===== RECORDS =====

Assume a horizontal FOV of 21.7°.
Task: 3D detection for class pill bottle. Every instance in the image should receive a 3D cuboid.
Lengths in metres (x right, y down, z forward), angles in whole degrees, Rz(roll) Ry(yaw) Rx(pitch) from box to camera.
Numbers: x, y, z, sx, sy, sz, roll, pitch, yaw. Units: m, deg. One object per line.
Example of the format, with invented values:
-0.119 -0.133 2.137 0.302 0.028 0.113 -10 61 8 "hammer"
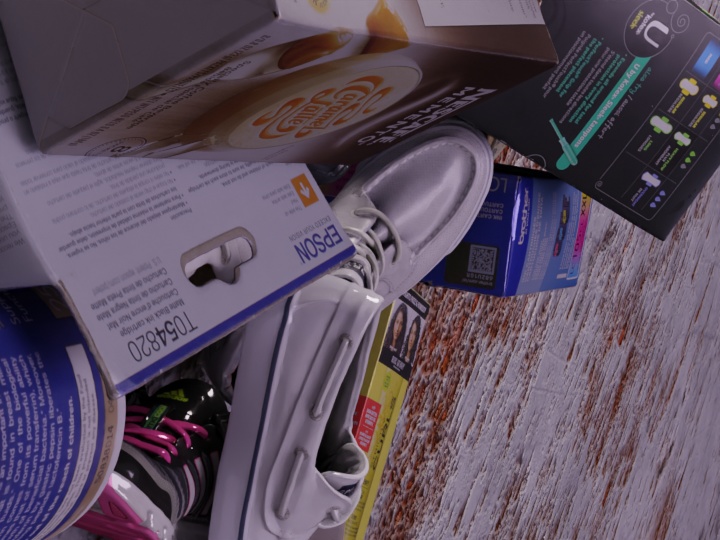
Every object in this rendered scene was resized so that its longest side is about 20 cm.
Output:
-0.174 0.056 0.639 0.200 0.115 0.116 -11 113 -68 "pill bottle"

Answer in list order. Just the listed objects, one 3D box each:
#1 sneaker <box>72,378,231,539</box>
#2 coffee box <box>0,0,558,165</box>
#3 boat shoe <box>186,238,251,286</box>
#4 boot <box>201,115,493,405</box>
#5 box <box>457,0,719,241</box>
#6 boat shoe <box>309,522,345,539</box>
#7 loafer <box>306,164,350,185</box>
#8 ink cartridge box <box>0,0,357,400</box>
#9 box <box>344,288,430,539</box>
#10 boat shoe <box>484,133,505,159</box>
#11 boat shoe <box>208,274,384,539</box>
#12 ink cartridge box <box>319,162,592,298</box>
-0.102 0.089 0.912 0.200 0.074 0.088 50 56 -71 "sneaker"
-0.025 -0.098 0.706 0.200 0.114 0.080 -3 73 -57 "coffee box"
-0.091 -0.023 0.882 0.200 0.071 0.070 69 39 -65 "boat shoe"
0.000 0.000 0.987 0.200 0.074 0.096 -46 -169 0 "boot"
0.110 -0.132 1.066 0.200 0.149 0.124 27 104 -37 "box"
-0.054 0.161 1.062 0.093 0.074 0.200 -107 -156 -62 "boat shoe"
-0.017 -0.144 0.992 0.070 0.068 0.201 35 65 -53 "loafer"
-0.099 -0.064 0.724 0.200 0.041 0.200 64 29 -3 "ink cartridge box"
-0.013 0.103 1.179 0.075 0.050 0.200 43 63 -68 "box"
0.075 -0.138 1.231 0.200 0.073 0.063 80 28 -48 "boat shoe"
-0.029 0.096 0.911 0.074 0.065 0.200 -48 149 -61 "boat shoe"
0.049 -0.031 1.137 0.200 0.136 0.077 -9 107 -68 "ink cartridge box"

=====

** GOAL OF THE EXERCISE **
Across the entries above, find each line with the word "Every" and please copy it out.

** TASK SOLUTION **
Task: 3D detection for class pill bottle. Every instance in the image should receive a 3D cuboid.
Every object in this rendered scene was resized so that its longest side is about 20 cm.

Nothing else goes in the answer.